Minimum Diameter Tree Construction

Given a positive integer n and a sequence of n positive integers d₁, d₂, ..., d_n representing the degree of each vertex, construct a tree T' on n nodes with the given degree sequence such that the diameter \(\operatorname{diam}(T')\) is minimized. The diameter of a tree is defined as the maximum distance between any two nodes. It is guaranteed that at least one valid tree exists. If there are several valid answers, output any one of them.

Note: In the output, first print the minimized diameter on a single line. Then print n-1 lines, each containing two integers that represent an edge of the tree.

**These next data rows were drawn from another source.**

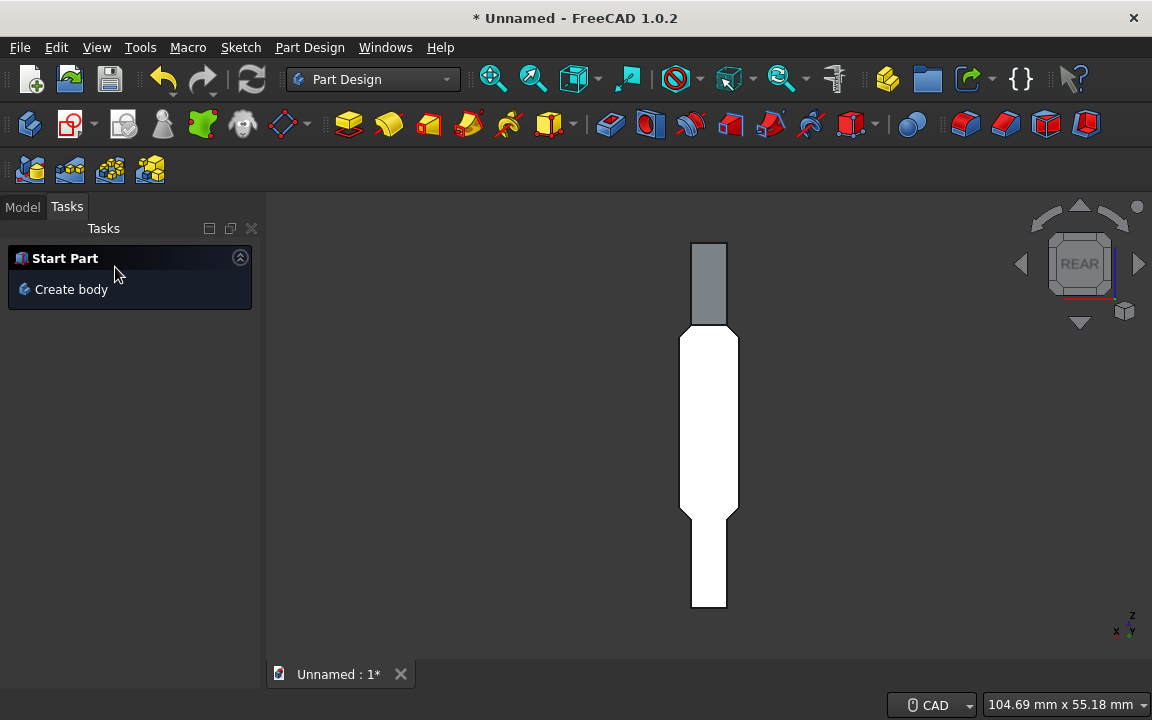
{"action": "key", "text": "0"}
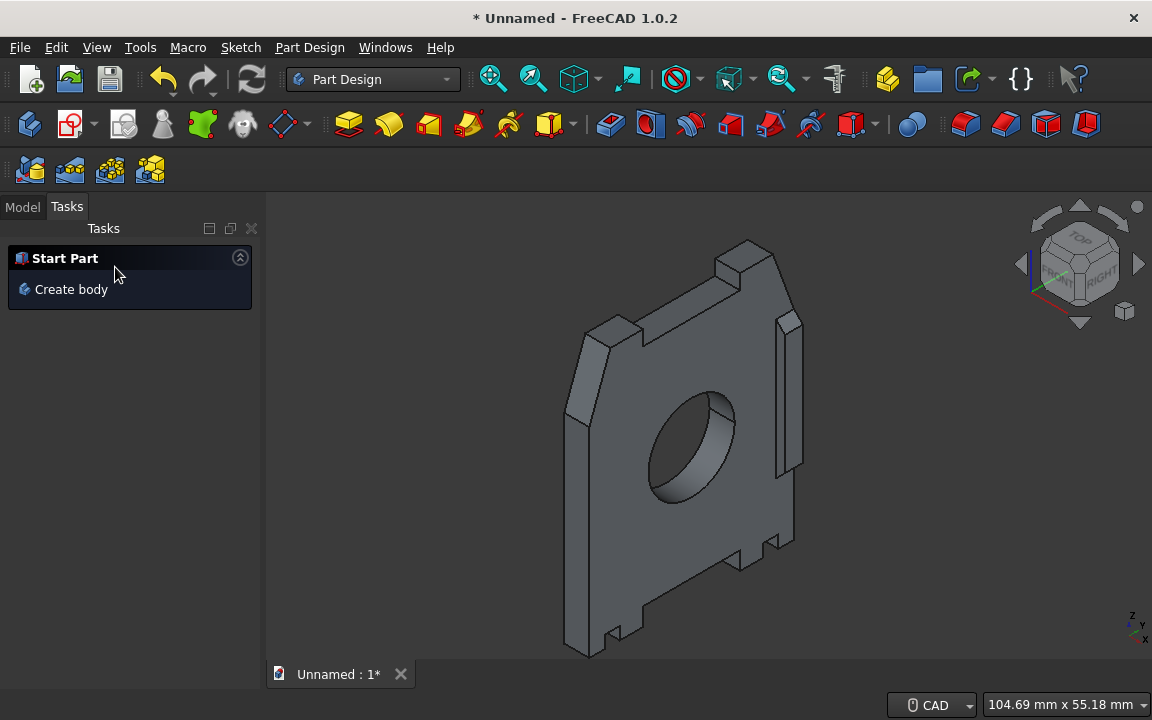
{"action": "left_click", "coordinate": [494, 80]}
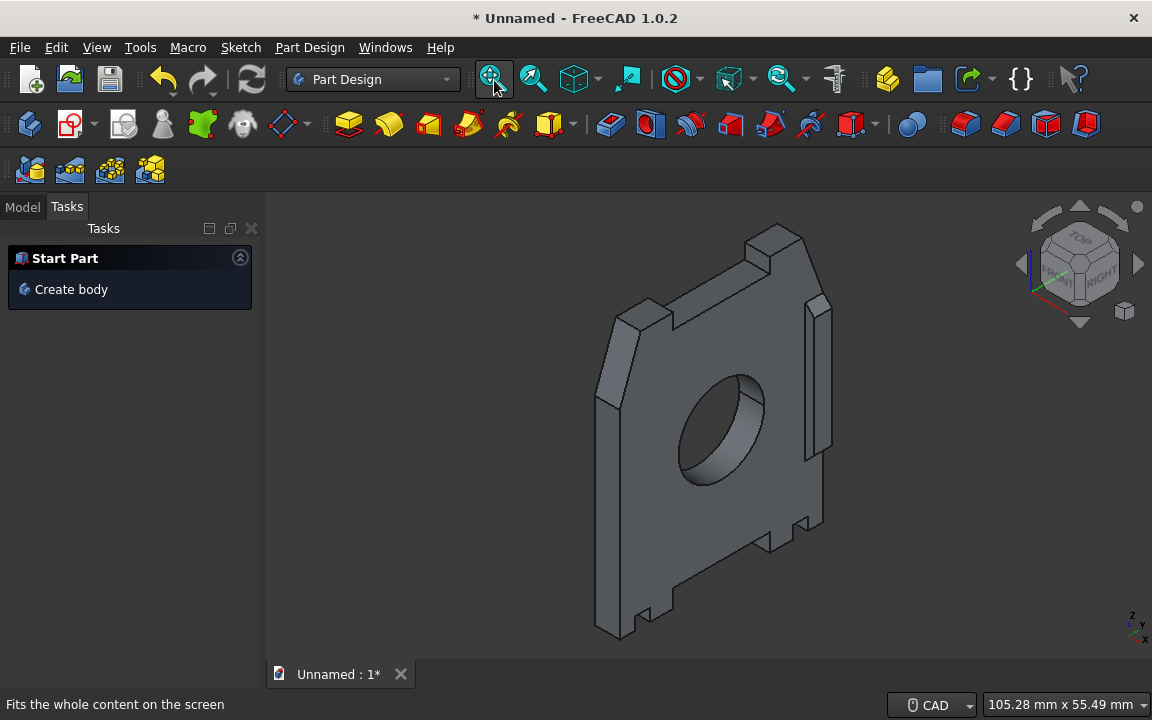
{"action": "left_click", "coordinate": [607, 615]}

The mathematical formulas must be rendered in LaTeX format. For example, the diameter is expressed as \(\operatorname{diam}(T')\) and the degree of node i is \(d_i\).

inputFormat

The input consists of two lines. The first line contains a single integer n (n ≥ 2), the number of nodes in the tree. The second line contains n space-separated positive integers d₁, d₂, ..., d_n, which represent the specified degree for each node. It is guaranteed that \(\sum_{i=1}^n d_i = 2(n-1)\), so that a tree with the given degree sequence exists.

outputFormat

Output the minimized diameter on the first line. Then output n-1 lines, each line containing two space-separated integers representing an edge in the constructed tree. The tree must satisfy the given degree sequence and its diameter must be minimized among all possible trees with that degree sequence.

sample

2
1 1

1
1 2